In his inaugural address, Phani Sharma wholeheartedly praised Roopkar's tremendous efforts and spoke at length about various aspects of the problematic Assamese film industry. "The film industry has got producers, artistes, technicians, distributors and exhibitors. This film industry cannot possibly flourish if all these people do not come together and work with the same dedication," he said. In his speech, Sharma suggested forming a 'Film Development Board' consisting of people already professionally engaged in the industry. And if this Board collects a film development tax of ten paise from every ticket sold in the theatres, it can generate revenue in the tune of 25 to 30 lakh rupees in a year, which can help solve much of the problems plaguing the Assamese film industry. He hoped that with this money, the difficulties of the people's theatres, producers and distributors can be removed.
This time, all eyes were riveted upon Kamal (Rana) Sharma, who announced the coveted Roopkar awards over the microphone. Guest Basanta Choudhury was requested to give away the prizes.
Finally the prizes were announced!
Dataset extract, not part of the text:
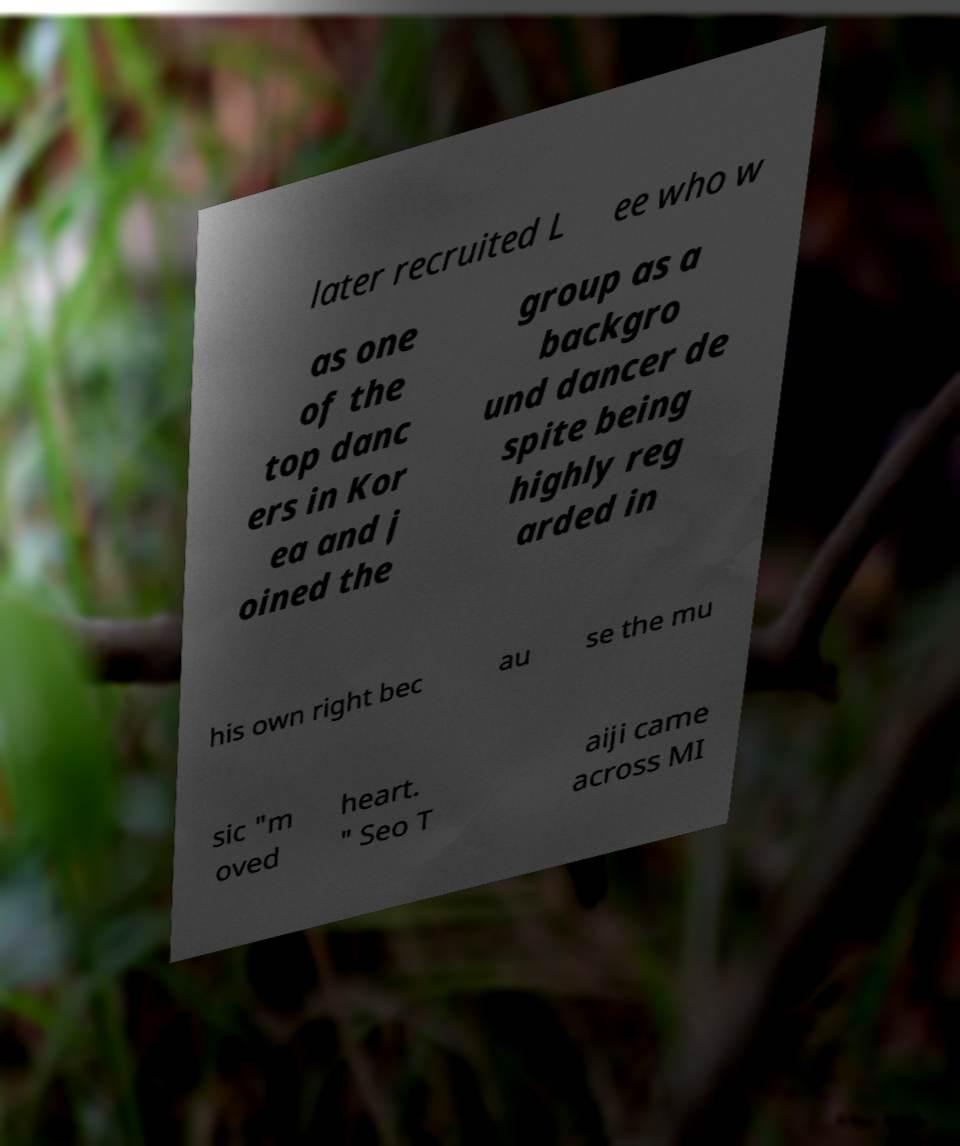Could you extract and type out the text from this image? later recruited L ee who w as one of the top danc ers in Kor ea and j oined the group as a backgro und dancer de spite being highly reg arded in his own right bec au se the mu sic "m oved heart. " Seo T aiji came across MI

The audience clapped and cheered along as the winners went up to the stage, and after receiving a bouquet gift of Rajnigandha flowers, were presented with the Roopkar awards and certificates of Appreciation by Basanta Choudhury, while tunes related to the prize winning films were performed live by the Vibration orchestra group, stationed behind the screen and invisible to the audience.
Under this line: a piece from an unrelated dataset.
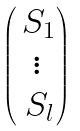Convert formula to latex. <formula><loc_0><loc_0><loc_500><loc_500>\begin{pmatrix} \, S _ { 1 } \\ \vdots \\ \, S _ { l } \end{pmatrix}</formula>

Each of the winners paused for a moment in front of the hand mike offered by Kamal (Rana) Sharma to answer Roopkar's queries.
Jehirul Islam, producer of 'Chameli Memsaab', which won 10 Roopkar awards out of the 11 presented in the inaugural Roopkar Film Awards competition, received the Best Producer award on behalf of Seuj Bolchhabi Santha.
"We started this film in 1971. We went through a lot of financial difficulties but it's mostly due to the generous contributions made by various people that the film could be successfully released in 1975," Islam said.
The award for Best Director was received by Abdul Majid for 'Chameli Memsaab'.
"The love that the people have showered on us, in that love, we've found a way, we are determined to move forward on that path," said Majid, who was delighted to receive the award. After that Majid pointed out some very key issues pertaining to the film industry. "The government has provided us with a lot of facilities and is thinking about the development of the industry all the time. But, today I wish to speak out openly, especially about those areas where we are facing the most difficult challenges. It's related to our cinema halls. We've got cinema hall owners and people from the exhibitors association here. A single broker books 20/40 halls, or even 50 halls in markets across the state. When it comes to running an Assamese film, they'd offer only 50% to 60%. We are sorry, but we have made a film with so much difficulty, a film that is now creating such a huge splash across Assam, and all they offered in terms of percentage is only 50%! They would say, 'who will watch an Assamese film?,'" Majid remarked.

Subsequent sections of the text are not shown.